30. (a) What is meant by common ion effect?

  • Common Ion Effect: The suppression of the ionization of a weak electrolyte by the addition of a strong electrolyte that has a common ion.

(b) Calculate the pH of a 1.0 x 10⁻³ M solution of HCl (given-log10 = 0.0414)

  • HCl is a strong acid and completely ionizes in water.
  • [H⁺] = 1.0 x 10⁻³ M
  • pH = -log[H⁺] = -log(1.0 x 10⁻³) = -(-3) = 3

(c) Arrange the following in increasing order of acidic strength:

  • (i) HF, HCl, HBr, HI

    • Order: HF < HCl < HBr < HI
    • Explanation: Acid strength increases down the group due to the increasing size of the halogen atom and decreasing bond strength of the H-X bond.

  • (ii) CH₄, NH₃, H₂O, HF

    • Order: CH₄ < NH₃ < H₂O < HF
    • Explanation: Acid strength increases with the increasing electronegativity of the atom bonded to hydrogen.

31. (a) State Huckel’s rule of aromaticity. What are necessary and sufficient conditions for a molecule to be aromatic?

  • Hückel’s Rule: A planar, cyclic, conjugated molecule with (4n+2) π-electrons (where n is an integer) is considered aromatic.

Necessary and Sufficient Conditions:

  1. Planarity: The molecule must be planar.
  2. Cyclic structure: The molecule must have a cyclic structure.
  3. Conjugation: The molecule must have a continuous system of overlapping p-orbitals.
  4. (4n+2) π-electrons: The molecule must have (4n+2) π-electrons, where n is an integer (0, 1, 2, etc.).
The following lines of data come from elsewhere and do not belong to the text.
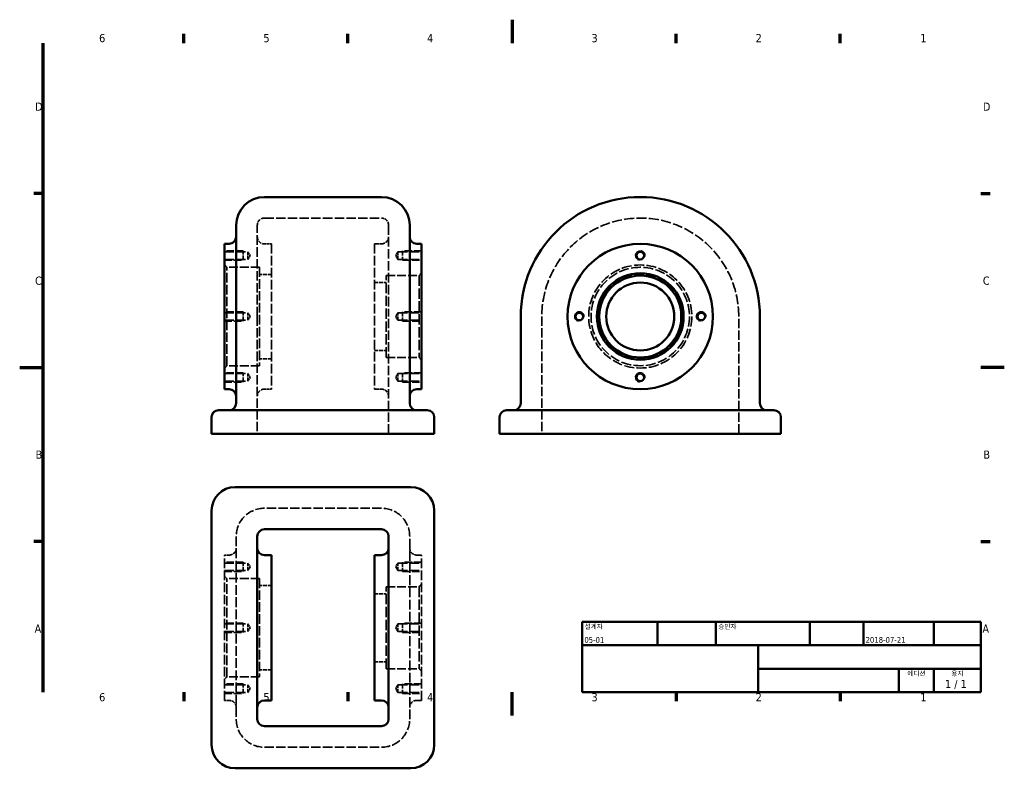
# Model space of a CAD drawing. Header units: millimetres. Extents: x 0 to 420, y -23 to 297.
import ezdxf
from ezdxf.enums import TextEntityAlignment as Align

# ---------------------------------------------------------------- set-up
doc = ezdxf.new("R2010")
doc.units = ezdxf.units.MM
doc.linetypes.add('DASHED', pattern=[0.2068, 0.1655, -0.0413])
for name, color, linetype, lineweight in [('경계(ISO)', 7, 'Continuous', 70), ('외형선(ISO)', 7, 'Continuous', 50), ('은선 (ISO)', 7, 'DASHED', 35), ('제목(ISO)', 7, 'Continuous', 50), ('좁은 외형선(ISO)', 7, 'Continuous', 35)]:
    doc.layers.add(name, color=color, linetype=linetype, lineweight=lineweight)
doc.styles.add('주 문자 (ISO)', font='tahoma.ttf')
doc.styles.add('텍스트 스타일17', font='tahoma.ttf')
doc.styles.add('텍스트 스타일18', font='tahoma.ttf')

# ---------------------------------------------------------------- blocks, each defined once
blk = doc.blocks.new('경계 기본 경계')
at = {"layer": '경계(ISO)'}
for p, q in [((70, 287), (70, 290.9)), ((140, 287), (140, 290.9)), ((280, 287), (280, 290.9)), ((350, 287), (350, 290.9)), ((10, 222.75), (6.1, 222.75)), ((410, 222.75), (413.9, 222.75)), ((10, 74.25), (6.1, 74.25)), ((410, 74.25), (413.9, 74.25)), ((70, 10), (70, 6.1)), ((140, 10), (140, 6.1)), ((280, 10), (280, 6.1)), ((350, 10), (350, 6.1))]:
    blk.add_line(p, q, dxfattribs=at)
at = {"layer": '경계(ISO)', "flags": 128}
for points in [[(210, 297), (210, 287)], [(10, 10), (10, 287)], [(0, 148.5), (10, 148.5)], [(420, 148.5), (410, 148.5)], [(210, 0), (210, 10)]]:
    blk.add_lwpolyline(points, dxfattribs=at)
at = {"layer": '경계(ISO)', "char_height": 3.5, "attachment_point": 7, "style": '주 문자 (ISO)'}
for s, insert in [('6', (33.88, 287.33)), ('4', (173.78, 287.4)), ('3', (243.91, 287.33)), ('2', (313.94, 287.4)), ('1', (384.21, 287.4)), ('D', (6.57, 258.13)), ('D', (410.87, 258.13)), ('C', (6.56, 183.81)), ('C', (410.86, 183.81)), ('B', (6.78, 109.63)), ('B', (411.08, 109.63)), ('A', (6.36, 35.38)), ('A', (410.66, 35.38)), ('6', (33.88, 6.03)), ('5', (103.98, 6.03)), ('4', (173.78, 6.1)), ('3', (243.91, 6.03)), ('2', (313.94, 6.1)), ('1', (384.21, 6.1))]:
    blk.add_mtext(s, dxfattribs=dict(at, insert=insert))
at = {"layer": '경계(ISO)', "insert": (103.98, 287.33), "char_height": 3.5, "attachment_point": 7, "line_spacing_factor": 2.275025, "style": '주 문자 (ISO)'}
blk.add_mtext('5', dxfattribs=at)
blk = doc.blocks.new('제목 블록 ISO')
at = {"layer": '제목(ISO)'}
for p, q in [((270.07, 130), (100.07, 130)), ((100.07, 130), (100.07, 100)), ((132.07, 120), (132.07, 130)), ((157.07, 120), (157.07, 130)), ((197.07, 120), (197.07, 130)), ((220.07, 120), (220.07, 130)), ((250.07, 120), (250.07, 130)), ((270.07, 100), (270.07, 130)), ((100.07, 120), (270.07, 120)), ((175.07, 120), (175.07, 100)), ((270.07, 110), (175.07, 110)), ((235.07, 100), (235.07, 110)), ((250.07, 100), (250.07, 110)), ((100.07, 100), (270.07, 100))]:
    blk.add_line(p, q, dxfattribs=at)
at = {"layer": '제목(ISO)', "style": '텍스트 스타일17'}
for s, p in [('설계자', (101.07, 129)), ('승인자', (158.07, 129))]:
    blk.add_text(s, height=2, dxfattribs=at).set_placement(p, align=Align.TOP_LEFT)
for s, p in [('에디션', (242.57, 109)), ('용지', (260.07, 109))]:
    blk.add_text(s, height=2, dxfattribs=at).set_placement(p, align=Align.TOP_CENTER)
at = {"layer": '제목(ISO)', "style": '주 문자 (ISO)'}
blk.add_text('1 / 1 ', height=3.5, dxfattribs=at).set_placement((260.07, 103.5), align=Align.MIDDLE_CENTER)
at = {"layer": '제목(ISO)', "style": '텍스트 스타일18'}
for tag, p in [('작성자_001', (100.93, 121.05)), ('작성_날짜_001', (220.89, 121.06))]:
    blk.add_attdef(tag, p, '', height=2.49, dxfattribs=at)
for tag, p in [('점검자', (133.07, 121)), ('엔지니어링_승인자', (158.07, 121))]:
    blk.add_attdef(tag, text='', height=2.49, dxfattribs=at).set_placement(p, align=Align.BOTTOM_LEFT)
blk.add_attdef('엔지니어링_승인_날짜', text='', height=2.49, dxfattribs=at).set_placement((196.07, 121), align=Align.BOTTOM_RIGHT)
at = {"layer": '제목(ISO)', "style": '주 문자 (ISO)'}
for tag, p in [('제목', (222.57, 115)), ('회사', (137.41, 109.96)), ('리비전_번호', (242.57, 103.5))]:
    blk.add_attdef(tag, text='', height=3.5, dxfattribs=at).set_placement(p, align=Align.MIDDLE_CENTER)
blk.add_attdef('부품_번호', text='', height=3.5, dxfattribs=at).set_placement((176.07, 105), align=Align.MIDDLE_LEFT)

msp = doc.modelspace()

# ---------------------------------------------------------------- linework, layer by layer
at = {"layer": '외형선(ISO)'}
for p, q in [((104.36, 221.32), (154.36, 221.32)), ((92.36, 170.32), (92.36, 209.32)), ((166.36, 209.32), (166.36, 170.32)), ((87.36, 139.32), (87.36, 201.32)), ((87.36, 201.32), (89.36, 201.32)), ((169.36, 201.32), (171.36, 201.32)), ((171.36, 139.32), (171.36, 201.32)), ((92.36, 170.32), (92.36, 133.32)), ((166.36, 133.32), (166.36, 170.32)), ((213.72, 170.32), (213.72, 133.32)), ((315.72, 133.32), (315.72, 170.32)), ((87.36, 139.32), (89.36, 139.32)), ((169.36, 139.32), (171.36, 139.32)), ((84.86, 130.32), (91.86, 130.32)), ((166.86, 130.32), (91.86, 130.32)), ((166.86, 130.32), (173.86, 130.32)), ((207.72, 130.32), (214.72, 130.32)), ((314.72, 130.32), (214.72, 130.32)), ((314.72, 130.32), (321.72, 130.32)), ((81.86, 127.32), (81.86, 120.32)), ((176.86, 120.32), (176.86, 127.32)), ((204.72, 127.32), (204.72, 120.32)), ((324.72, 120.32), (324.72, 127.32)), ((91.86, 120.32), (81.86, 120.32)), ((91.86, 120.32), (166.86, 120.32)), ((176.86, 120.32), (166.86, 120.32)), ((214.72, 120.32), (204.72, 120.32)), ((214.72, 120.32), (314.72, 120.32)), ((324.72, 120.32), (314.72, 120.32)), ((91.86, 97.5), (166.86, 97.5)), ((81.86, -12.5), (81.86, 87.5)), ((176.86, 87.5), (176.86, -12.5)), ((101.36, -1.5), (101.36, 76.5)), ((104.36, 79.5), (154.36, 79.5)), ((157.36, 76.5), (157.36, -1.5)), ((104.36, 68.5), (107.36, 68.5)), ((107.36, 68.5), (107.36, 6.5)), ((151.36, 68.5), (151.36, 6.5)), ((154.36, 68.5), (151.36, 68.5)), ((104.36, 6.5), (107.36, 6.5)), ((154.36, 6.5), (151.36, 6.5)), ((154.36, -4.5), (104.36, -4.5)), ((166.86, -22.5), (91.86, -22.5))]:
    msp.add_line(p, q, dxfattribs=at)
for centre, radius in [((264.72, 170.32), 31), ((264.72, 196.32), 1.62), ((264.72, 170.32), 18.5), ((264.72, 170.32), 17.5), ((264.72, 170.32), 14.5), ((238.72, 170.32), 1.62), ((290.72, 170.32), 1.62), ((264.72, 144.32), 1.62)]:
    msp.add_circle(centre, radius, dxfattribs=at)
for centre, radius, start, end in [((104.36, 209.32), 12, 90, 180), ((154.36, 209.32), 12, 0, 90), ((264.72, 170.32), 51, 0, 180), ((89.36, 204.32), 3, 270, 0), ((169.36, 204.32), 3, 180, 270), ((89.36, 136.32), 3, 0, 90), ((169.36, 136.32), 3, 90, 180), ((84.86, 127.32), 3, 90, 180), ((89.36, 133.32), 3, 270, 0), ((169.36, 133.32), 3, 180, 270), ((173.86, 127.32), 3, 0, 90), ((207.72, 127.32), 3, 90, 180), ((210.72, 133.32), 3, 270, 0), ((318.72, 133.32), 3, 180, 270), ((321.72, 127.32), 3, 0, 90), ((91.86, 87.5), 10, 90, 180), ((166.86, 87.5), 10, 0, 90), ((104.36, 76.5), 3, 90, 180), ((154.36, 76.5), 3, 0, 90), ((104.36, 71.5), 3, 180, 270), ((154.36, 71.5), 3, 270, 0), ((104.36, 3.5), 3, 90, 180), ((154.36, 3.5), 3, 0, 90), ((104.36, -1.5), 3, 180, 270), ((154.36, -1.5), 3, 270, 0), ((91.86, -12.5), 10, 180, 270), ((166.86, -12.5), 10, 270, 0)]:
    msp.add_arc(centre, radius, start, end, dxfattribs=at)
at = {"layer": '은선 (ISO)', "ltscale": 24.17795}
for p, q in [((104.36, 212.32), (154.36, 212.32)), ((87.36, 197.94), (97.36, 197.94)), ((161.36, 197.94), (171.36, 197.94)), ((87.36, 194.7), (97.36, 194.7)), ((161.36, 194.7), (171.36, 194.7)), ((87.36, 171.94), (97.36, 171.94)), ((87.36, 168.7), (97.36, 168.7)), ((101.36, 170.32), (101.36, 120.32)), ((157.36, 120.32), (157.36, 170.32)), ((161.36, 171.94), (171.36, 171.94)), ((161.36, 168.7), (171.36, 168.7)), ((222.72, 170.32), (222.72, 120.32)), ((306.72, 120.32), (306.72, 170.32)), ((87.36, 145.94), (97.36, 145.94)), ((161.36, 145.94), (171.36, 145.94)), ((87.36, 142.7), (97.36, 142.7)), ((161.36, 142.7), (171.36, 142.7)), ((154.36, 88.5), (104.36, 88.5)), ((87.36, 65.12), (97.36, 65.12)), ((161.36, 65.12), (171.36, 65.12)), ((87.36, 61.88), (97.36, 61.88)), ((161.36, 61.88), (171.36, 61.88)), ((87.36, 39.12), (97.36, 39.12)), ((161.36, 39.12), (171.36, 39.12)), ((87.36, 35.88), (97.36, 35.88)), ((161.36, 35.88), (171.36, 35.88)), ((87.36, 13.12), (97.36, 13.12)), ((161.36, 13.12), (171.36, 13.12)), ((87.36, 9.88), (97.36, 9.88)), ((161.36, 9.88), (171.36, 9.88)), ((104.36, -13.5), (154.36, -13.5))]:
    msp.add_line(p, q, dxfattribs=at)
at = {"layer": '은선 (ISO)', "ltscale": 24.686113}
for p, q in [((101.36, 170.32), (101.36, 209.32)), ((157.36, 209.32), (157.36, 170.32))]:
    msp.add_line(p, q, dxfattribs=at)
at = {"layer": '은선 (ISO)', "ltscale": 19.34236}
for p, q in [((95.36, 198.32), (87.36, 198.32)), ((171.36, 198.32), (163.36, 198.32)), ((87.36, 194.32), (95.36, 194.32)), ((163.36, 194.32), (171.36, 194.32)), ((95.36, 172.32), (87.36, 172.32)), ((171.36, 172.32), (163.36, 172.32)), ((87.36, 168.32), (95.36, 168.32)), ((163.36, 168.32), (171.36, 168.32)), ((95.36, 146.32), (87.36, 146.32)), ((171.36, 146.32), (163.36, 146.32)), ((87.36, 142.32), (95.36, 142.32)), ((163.36, 142.32), (171.36, 142.32)), ((95.36, 65.5), (87.36, 65.5)), ((171.36, 65.5), (163.36, 65.5)), ((87.36, 61.5), (95.36, 61.5)), ((163.36, 61.5), (171.36, 61.5)), ((95.36, 39.5), (87.36, 39.5)), ((171.36, 39.5), (163.36, 39.5)), ((87.36, 35.5), (95.36, 35.5)), ((163.36, 35.5), (171.36, 35.5)), ((95.36, 13.5), (87.36, 13.5)), ((171.36, 13.5), (163.36, 13.5)), ((87.36, 9.5), (95.36, 9.5)), ((163.36, 9.5), (171.36, 9.5))]:
    msp.add_line(p, q, dxfattribs=at)
at = {"layer": '은선 (ISO)', "ltscale": 11.961675}
for p, q in [((95.36, 194.32), (95.36, 198.32)), ((163.36, 198.32), (163.36, 194.32)), ((95.36, 168.32), (95.36, 172.32)), ((163.36, 172.32), (163.36, 168.32)), ((95.36, 142.32), (95.36, 146.32)), ((163.36, 146.32), (163.36, 142.32)), ((95.36, 61.5), (95.36, 65.5)), ((163.36, 65.5), (163.36, 61.5)), ((95.36, 35.5), (95.36, 39.5)), ((163.36, 39.5), (163.36, 35.5)), ((95.36, 9.5), (95.36, 13.5)), ((163.36, 13.5), (163.36, 9.5))]:
    msp.add_line(p, q, dxfattribs=at)
at = {"layer": '은선 (ISO)', "ltscale": 9.694919}
for p, q in [((97.36, 194.7), (97.36, 197.94)), ((161.36, 194.7), (161.36, 197.94)), ((97.36, 168.7), (97.36, 171.94)), ((161.36, 168.7), (161.36, 171.94)), ((97.36, 142.7), (97.36, 145.94)), ((161.36, 142.7), (161.36, 145.94)), ((97.36, 61.88), (97.36, 65.12)), ((161.36, 61.88), (161.36, 65.12)), ((97.36, 35.88), (97.36, 39.12)), ((161.36, 35.88), (161.36, 39.12)), ((97.36, 9.88), (97.36, 13.12)), ((161.36, 9.88), (161.36, 13.12))]:
    msp.add_line(p, q, dxfattribs=at)
at = {"layer": '은선 (ISO)', "ltscale": 3.600154}
for p, q in [((98.33, 196.32), (97.36, 197.94)), ((160.39, 196.32), (161.36, 197.94)), ((98.33, 196.32), (97.36, 194.7)), ((160.39, 196.32), (161.36, 194.7)), ((98.33, 170.32), (97.36, 171.94)), ((98.33, 170.32), (97.36, 168.7)), ((160.39, 170.32), (161.36, 171.94)), ((160.39, 170.32), (161.36, 168.7)), ((98.33, 144.32), (97.36, 145.94)), ((98.33, 144.32), (97.36, 142.7)), ((160.39, 144.32), (161.36, 145.94)), ((160.39, 144.32), (161.36, 142.7)), ((98.33, 63.5), (97.36, 65.12)), ((98.33, 63.5), (97.36, 61.88)), ((160.39, 63.5), (161.36, 65.12)), ((160.39, 63.5), (161.36, 61.88)), ((98.33, 37.5), (97.36, 39.12)), ((160.39, 37.5), (161.36, 39.12)), ((98.33, 37.5), (97.36, 35.88)), ((160.39, 37.5), (161.36, 35.88)), ((98.33, 11.5), (97.36, 13.12)), ((160.39, 11.5), (161.36, 13.12)), ((98.33, 11.5), (97.36, 9.88)), ((160.39, 11.5), (161.36, 9.88))]:
    msp.add_line(p, q, dxfattribs=at)
at = {"layer": '은선 (ISO)', "ltscale": 5.711227}
for p, q in [((104.36, 201.32), (107.36, 201.32)), ((154.36, 201.32), (151.36, 201.32)), ((104.36, 139.32), (107.36, 139.32)), ((154.36, 139.32), (151.36, 139.32))]:
    msp.add_line(p, q, dxfattribs=at)
at = {"layer": '은선 (ISO)', "ltscale": 24.786057}
for p, q in [((107.36, 201.32), (107.36, 139.32)), ((151.36, 201.32), (151.36, 139.32)), ((87.36, 6.5), (87.36, 68.5)), ((171.36, 6.5), (171.36, 68.5))]:
    msp.add_line(p, q, dxfattribs=at)
at = {"layer": '은선 (ISO)', "ltscale": 2.692245}
for p, q in [((88.36, 191.32), (87.36, 192.32)), ((170.36, 187.82), (171.36, 188.82)), ((170.36, 152.82), (171.36, 151.82)), ((88.36, 149.32), (87.36, 148.32)), ((88.36, 58.5), (87.36, 59.5)), ((170.36, 55), (171.36, 56)), ((170.36, 20), (171.36, 19)), ((88.36, 16.5), (87.36, 15.5))]:
    msp.add_line(p, q, dxfattribs=at)
at = {"layer": '은선 (ISO)', "ltscale": 24.540041}
for p, q in [((88.36, 149.32), (88.36, 191.32)), ((102.36, 191.32), (102.36, 149.32)), ((88.36, 16.5), (88.36, 58.5)), ((102.36, 58.5), (102.36, 16.5))]:
    msp.add_line(p, q, dxfattribs=at)
at = {"layer": '은선 (ISO)', "ltscale": 22.566086}
for p, q in [((102.36, 191.32), (88.36, 191.32)), ((156.36, 187.82), (170.36, 187.82)), ((156.36, 152.82), (170.36, 152.82)), ((102.36, 149.32), (88.36, 149.32)), ((102.36, 58.5), (88.36, 58.5)), ((156.36, 55), (170.36, 55)), ((156.36, 20), (170.36, 20)), ((102.36, 16.5), (88.36, 16.5))]:
    msp.add_line(p, q, dxfattribs=at)
at = {"layer": '은선 (ISO)', "ltscale": 9.518778}
for p, q in [((107.36, 188.32), (102.36, 188.32)), ((151.36, 184.82), (156.36, 184.82)), ((151.36, 155.82), (156.36, 155.82)), ((107.36, 152.32), (102.36, 152.32)), ((107.36, 55.5), (102.36, 55.5)), ((151.36, 52), (156.36, 52)), ((151.36, 23), (156.36, 23)), ((107.36, 19.5), (102.36, 19.5))]:
    msp.add_line(p, q, dxfattribs=at)
at = {"layer": '은선 (ISO)', "ltscale": 26.585045}
for p, q in [((156.36, 152.82), (156.36, 187.82)), ((170.36, 187.82), (170.36, 152.82)), ((156.36, 20), (156.36, 55)), ((170.36, 55), (170.36, 20))]:
    msp.add_line(p, q, dxfattribs=at)
at = {"layer": '은선 (ISO)', "ltscale": 25.145067}
for p, q in [((92.36, 76.5), (92.36, -1.5)), ((166.36, -1.5), (166.36, 76.5))]:
    msp.add_line(p, q, dxfattribs=at)
at = {"layer": '은선 (ISO)', "ltscale": 3.807451}
for p, q in [((87.36, 68.5), (89.36, 68.5)), ((169.36, 68.5), (171.36, 68.5)), ((87.36, 6.5), (89.36, 6.5)), ((169.36, 6.5), (171.36, 6.5))]:
    msp.add_line(p, q, dxfattribs=at)
at = {"layer": '은선 (ISO)', "ltscale": 25.708614}
msp.add_circle((264.72, 170.32), 22, dxfattribs=at)
at = {"layer": '은선 (ISO)', "ltscale": 25.521643}
msp.add_circle((264.72, 170.32), 21, dxfattribs=at)
at = {"layer": '은선 (ISO)', "ltscale": 24.858742}
msp.add_circle((264.72, 170.32), 18, dxfattribs=at)
at = {"layer": '은선 (ISO)', "ltscale": 8.971231}
for centre, start, end in [((104.36, 209.32), 90, 180), ((154.36, 209.32), 0, 90), ((104.36, 204.32), 180, 270), ((154.36, 204.32), 270, 0), ((104.36, 136.32), 90, 180), ((154.36, 136.32), 0, 90), ((89.36, 71.5), 270, 0), ((169.36, 71.5), 180, 270), ((89.36, 3.5), 0, 90), ((169.36, 3.5), 90, 180)]:
    msp.add_arc(centre, 3, start, end, dxfattribs=at)
at = {"layer": '은선 (ISO)', "ltscale": 25.521643}
msp.add_arc((264.72, 170.32), 42, 0, 180, dxfattribs=at)
at = {"layer": '은선 (ISO)', "ltscale": 22.78718}
for centre, start, end in [((104.36, 76.5), 90, 180), ((154.36, 76.5), 0, 90), ((104.36, -1.5), 180, 270), ((154.36, -1.5), 270, 0)]:
    msp.add_arc(centre, 12, start, end, dxfattribs=at)
at = {"layer": '좁은 외형선(ISO)'}
for centre in [(264.72, 196.32), (238.72, 170.32), (290.72, 170.32), (264.72, 144.32)]:
    msp.add_arc(centre, 2, 350, 260, dxfattribs=at)

# ---------------------------------------------------------------- block references
msp.add_blockref('경계 기본 경계', (0, 0))
msp.add_blockref('제목 블록 ISO', (139.93, -90)).add_auto_attribs({'작성자_001': '05-01', '작성_날짜_001': '2018-07-21'})

doc.saveas('drawing.dxf')

This is also known as the Huckel’s rule.

(b) Give the following reactions:

i) Friedel-Crafts acylation of benzene with acetyl chloride

  • Benzene + CH₃COCl (in presence of AlCl₃) → Acetophenone (C₆H₅COCH₃) + HCl

ii) Reduction of phenol with zinc dust.

  • Phenol + Zn → Benzene + ZnO

iii) Sodium acetate react with soda lime

  • CH₃COONa + NaOH (soda lime) → CH≡CH (acetylene) + Na₂CO₃

OR

32. (a) State Markovnikov’s rule

  • Markovnikov’s Rule: In the addition of HX (where X is a halogen) to an unsymmetrical alkene, the hydrogen atom gets attached to the carbon atom with more hydrogen atoms, and the halogen atom gets attached to the carbon atom with fewer hydrogen atoms.

32. (b) Write the mechanism of addition of HBr to propene

  • The mechanism involves the formation of a carbocation intermediate.
  • The electrophilic H⁺ attacks the double bond of propene, forming a more stable secondary carbocation.
  • The bromide ion (Br⁻) then attacks the carbocation to form 2-bromopropane.

32. (c) Perform the following conversion:

i) Ethyne to Ethanal

  1. Hydroboration-Oxidation: Ethyne reacts with diborane (BH₃) followed by oxidation with hydrogen peroxide and sodium hydroxide to form ethanal.

ii) Benzene to Nitrobenzene

  1. Nitration: Benzene reacts with a mixture of concentrated nitric acid and concentrated sulfuric acid (nitrating mixture) to form nitrobenzene.